Integration of lnx

In this tutorial we shall explain integration of the natural logarithmic function $\ln x$. It is an important integral function, but there is no direct method to find it. We shall find the integration of $lnx$ by using the integration by parts method.

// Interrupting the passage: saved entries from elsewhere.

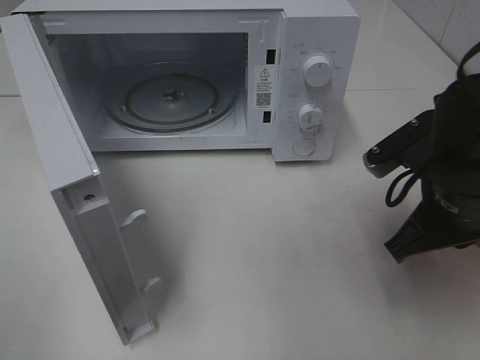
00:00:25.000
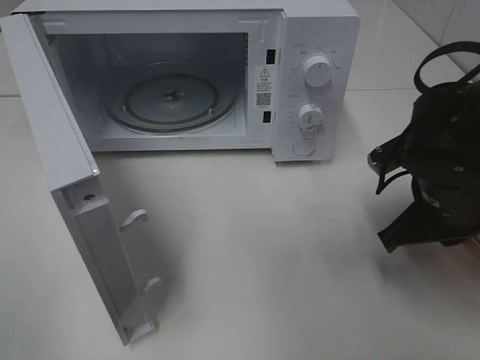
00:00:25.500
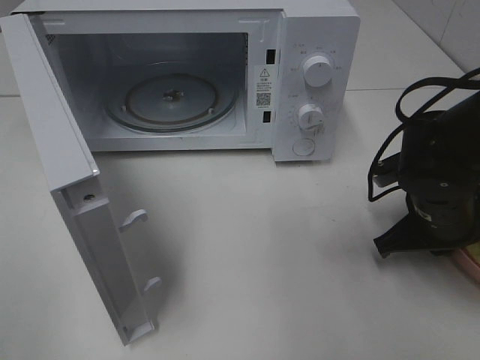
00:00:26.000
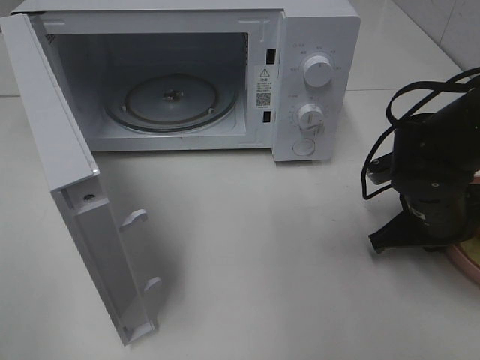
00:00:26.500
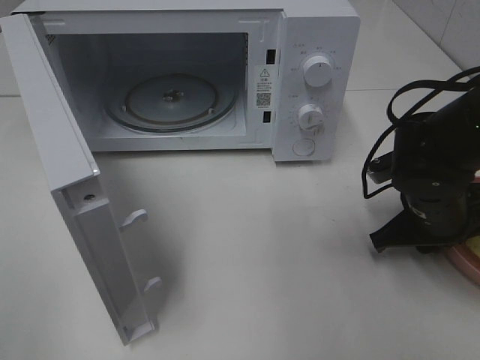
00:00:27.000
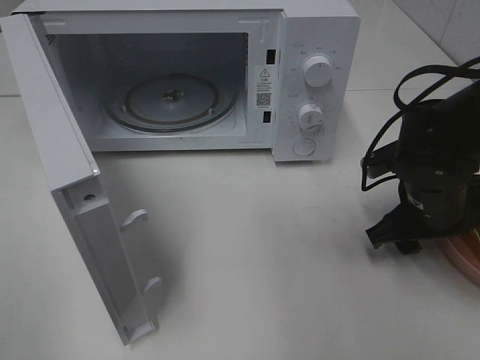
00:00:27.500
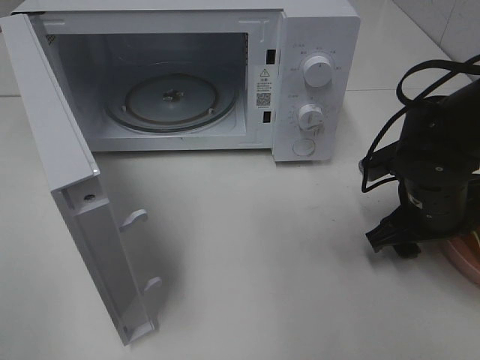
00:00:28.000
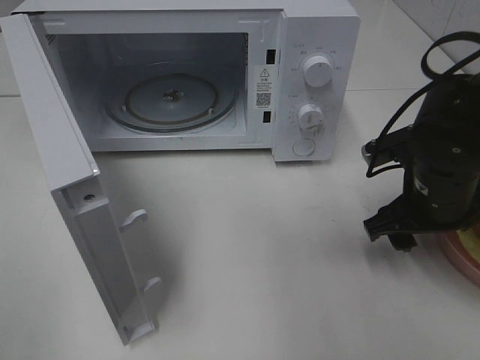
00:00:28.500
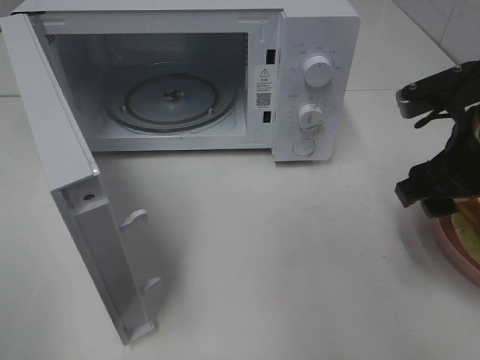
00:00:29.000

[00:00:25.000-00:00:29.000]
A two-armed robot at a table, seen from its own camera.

The integration of $lnx$ is of the form
$I = \int {\ln xdx}$

When using integration by parts it must have at least two functions, however here there is only one function: $\ln x$. So consider the second function as $1$. Now the integration becomes
$I = \int {\ln x \cdot 1dx} \,\,\,\,{\text{ – – – }}\left( {\text{i}} \right)$

The first function is $\ln x$ and the second function is $1$

Using the formula for integration by parts, we have
$\int {\left[ {f\left( x \right)g\left( x \right)} \right]dx = f\left( x \right)\int {g\left( x \right)dx – \int {\left[ {\frac{d}{{dx}}f\left( x \right)\int {g\left( x \right)dx} } \right]dx} } }$

Using the formula above, equation (i) becomes
$\begin{gathered} I = \ln x\int {1dx – \int {\left[ {\frac{d}{{dx}}\ln x\int {1dx} } \right]dx} } \\ \Rightarrow I = x\ln x – \int {\left[ {\frac{1}{x}x} \right]dx} \\ \Rightarrow I = x\ln x – \int {1dx} \\ \Rightarrow I = x\ln x – x + c \\ \Rightarrow \int {\ln xdx} = x\ln x – x + c \\ \end{gathered}$

Now in further study of integration we can use this integration of $lnx$ as a formula.